Arnold has a great issue profile. He is fiscally conservative, strong on defense, yet socially liberal. He’s a Republican not beholden to the religious right. Literally and figuratively, he’s the type of Republican even a Kennedy-liberal could love. He’s the governor of a large state with complicated problems similar to those at the national level. Those dismissing him because of a perceived lack of experience should consider that in ’08, Schwarzenegger will have been governor of California for five years. President Bush was only governor of Texas for six before being elected—and former Democratic Presidential hopeful John Edwards is only a one-term Senator.

Schwarzenegger is an ideal candidate. He’s got widespread name recognition, a wife well-schooled in public relations, a considerable personal fortune to help finance his campaign and for those ladies swayed by John Edwards’ sex appeal, the tanned and chiseled Arnold—a seven-time Mr. Universe—would surely be attractive. As President Bush scrambles to woo Hispanic voters, the nation’s fastest growing demographic, Republicans should recall that despite running against a Latino candidate. Schwarzenegger managed to capture nearly a third of the Hispanic vote.

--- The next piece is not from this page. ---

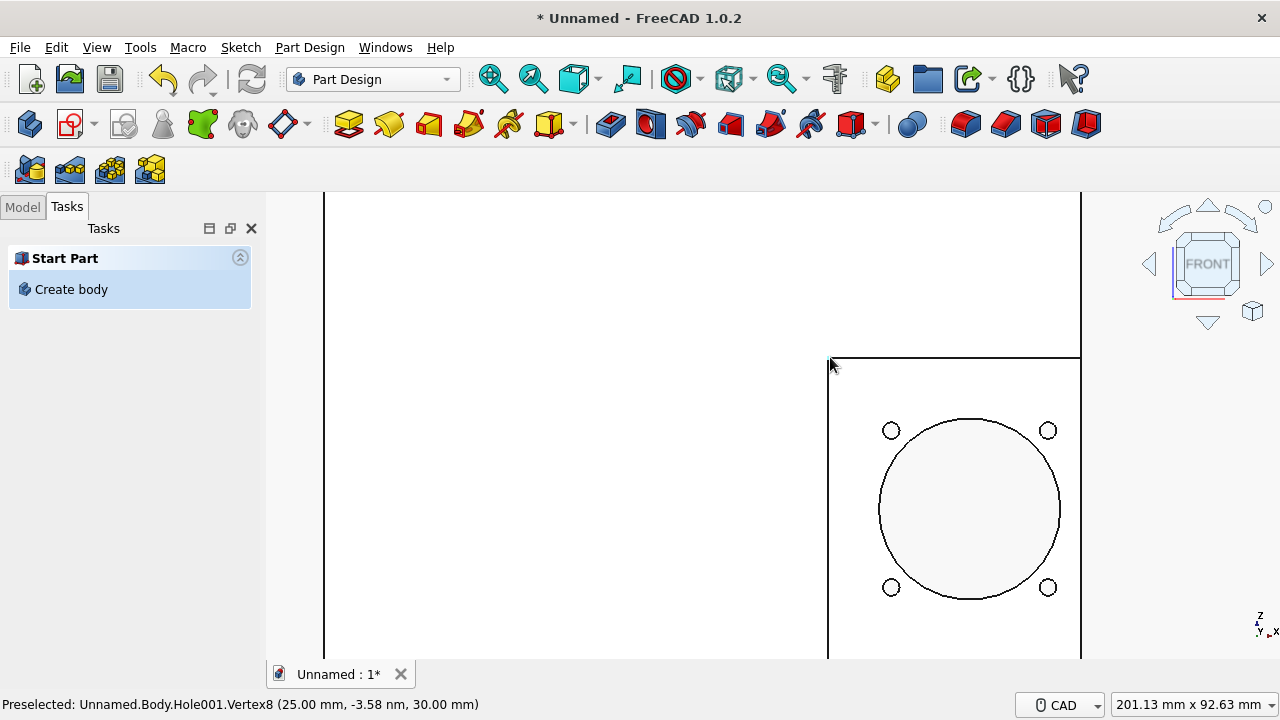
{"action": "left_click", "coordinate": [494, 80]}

And let’s not forget what happened last time when Republicans put a little faith in an actor-turned-California-politician. They were richly rewarded with the White House for three consecutive terms. So to those Republicans waiting on the sidelines this primary season, join me in thinking ahead to ’08. If you’re smart, you’ll ignore Condi, disregard Jeb, leave Frist in the Senate and go with Arnold for America.

Of course, this is all wishful thinking. The Hatch Amendment most likely isn’t going anywhere; and there are probably too many skeletons in Arnold’s awfully big closet for him to mount any serious effort for the White House anyway. Arnold, however, shouldn’t be ignored.

Even more so than George W. Bush, he is amply prepared to revolutionize the GOP, while many Republicans are still seeking to turn back the clock. In the long arc of the American political tradition, Arnold’s social liberalism is destined to prevail. He has already abandoned all opposition to abortion, homosexual “marriage” and gun control. A few years from now, it’s quite possible that the governor will be universally admired for his courage and foresight. To have any chance of winning future elections, Republicans must appeal beyond their evangelical base—they must learn to love and emulate the Terminator.

Adam J. Katz ’07, a Crimson editorial comper lives in Pennypacker Hall.